Howard Prager, 66, and his klezmer band were set up in chairs on a slow-moving flatbed truck Monday morning as they pulled into the Highland Park Fourth of July parade lineup.
A parade hadn’t been held in three years, since before the pandemic. “Everyone was so relieved to be out,” he told reporters.
Maxwell Street Klezmer Band began with an upbeat song, one fit for weddings and celebrations. That’s when they noticed people fleeing.
Prager initially assumed there was a celebrity or something in the parade they were running to see.
“Then I noticed the panic on their faces,” he explained. “We saw mothers and fathers pushing strollers. We came across adults. We saw a lot of teenagers. And they’re all heading in the same direction. A gunman opened fire on a parade in Highland Park, a Chicago suburb, around 10 a.m. Monday, killing six people and injuring dozens more. Residents were advised to stay put for the duration of the search. Authorities said a person of interest was apprehended Monday evening.

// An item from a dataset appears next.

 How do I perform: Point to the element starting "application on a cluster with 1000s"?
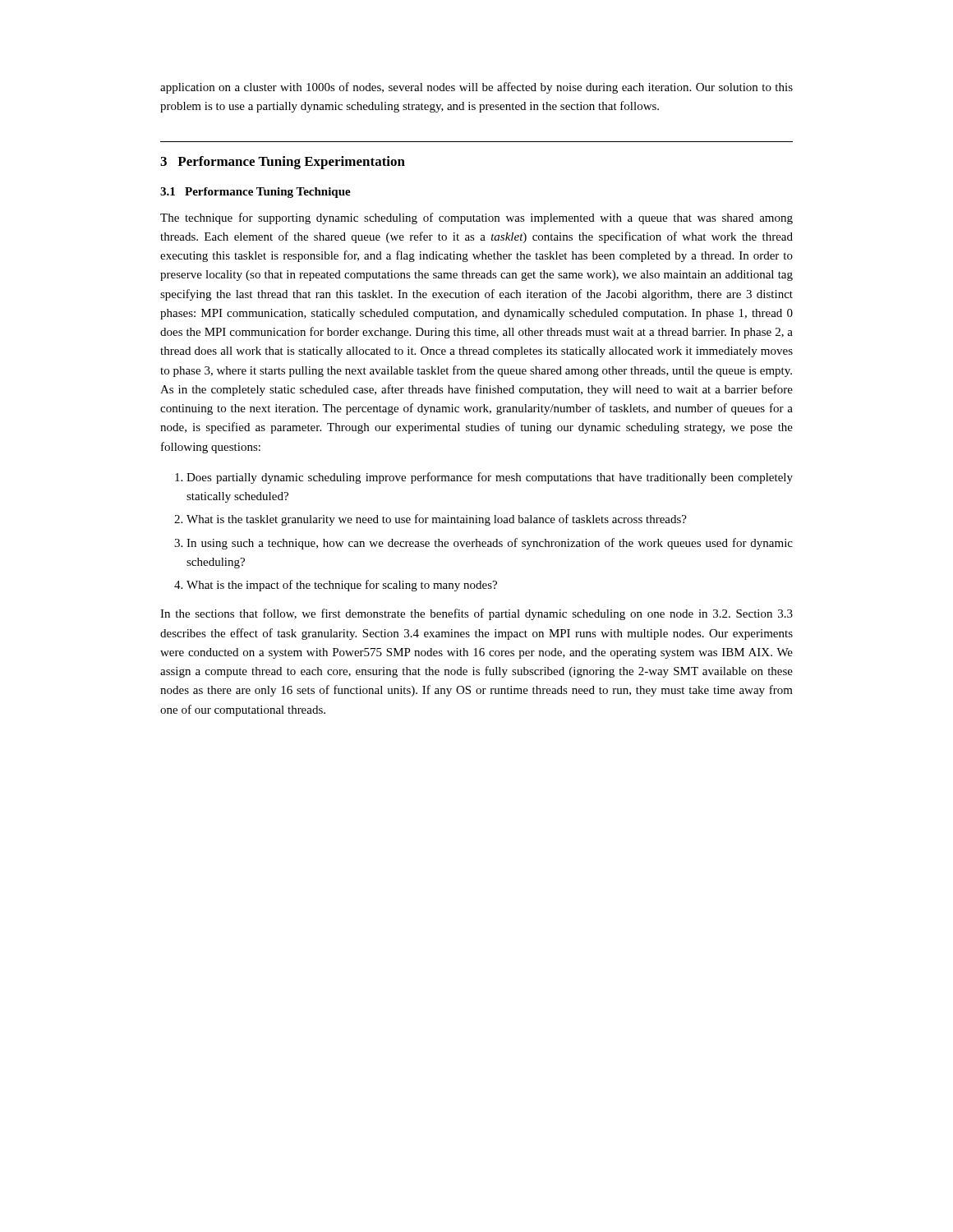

After the shooting, the family-friendly event was transformed into a crime scene, with abandoned lawn chairs, wagons, and bikes strewn along the parade route.
Alexander Sandoval, 39, a contractor, shook his head as he described the incident to his 5-year-old son, his partner, and her 6-year-old daughter. At 7 a.m., three hours before the festivities began, he had set up chairs in front of the stage.
“We thought it was the Navy saluting the flag when everything started happening,” he told USA TODAY. “Shots were fired. I grabbed my child and bolted.”
The parade is part of a daylong celebration in Highland Park, an affluent Chicago suburb known for its leafy suburban streets.
The digital archives of the Illinois State Library show annual pictures of floats towed behind station wagons dating back to at least the mid-1960s. The historical society poses in one. In another, an honor guard stands at attention as a mobile Iwo Jima statue rolls by.
According to their website, the Maxwell Street band has been performing with a growing cast of members since 1983. The band’s website claims that, in addition to weddings and bar mitzvahs, it has toured as far as Carnegie Hall and Europe. The band has a diverse lineup of more than 20 members. They used seven musicians for the parade setup, according to Prager: violin, trombone, clarinet, trumpet, an electric piano, drums, and Prager on tuba.
The parade follows a dogleg down the street next to Highland Park Public Library. The parade turns the corner for its run down Highland Park’s main drag, where the shooting began, at the next block, where the storefronts of Central Avenue begin.
At about 10:15, the band launched into a song Prager’s sheet music calls “Freilechs fun der chuppeh” – freilech, Prager said, meaning a joyous person; the chuppeh, or chuppah, the canopy for a Jewish wedding ceremony.
They hadn’t even arrived at the corner of Central Avenue when they noticed the people fleeing. “I recognized and heard pops of the gun and thought, oh my gosh, this is something serious,” he said.
“You’ve seen disaster movies and things where people are fleeing. “It felt exactly like that,” he explained. “Like we were right in the middle of it.” People are rushing past us.”
They had to get out of there, but their truck was trapped. The driver had no idea where he was going. Finally, he said, they turned around and returned to their starting point through an opening in the crowd.
They were numb, in shock, and unsure what to do next, so they did what bands do: they went to their next gig in Skokie. But, like so many other nearby events, it had been canceled.
By the evening, Prager was speaking for his bandmates and reflecting on how the shooting had altered the Fourth of July.
“All I want to see is something that brings us all together and makes us whole again,” he explained. “I’d like to see this country come together and realize that we all believe in liberty, freedom, and peace for all.”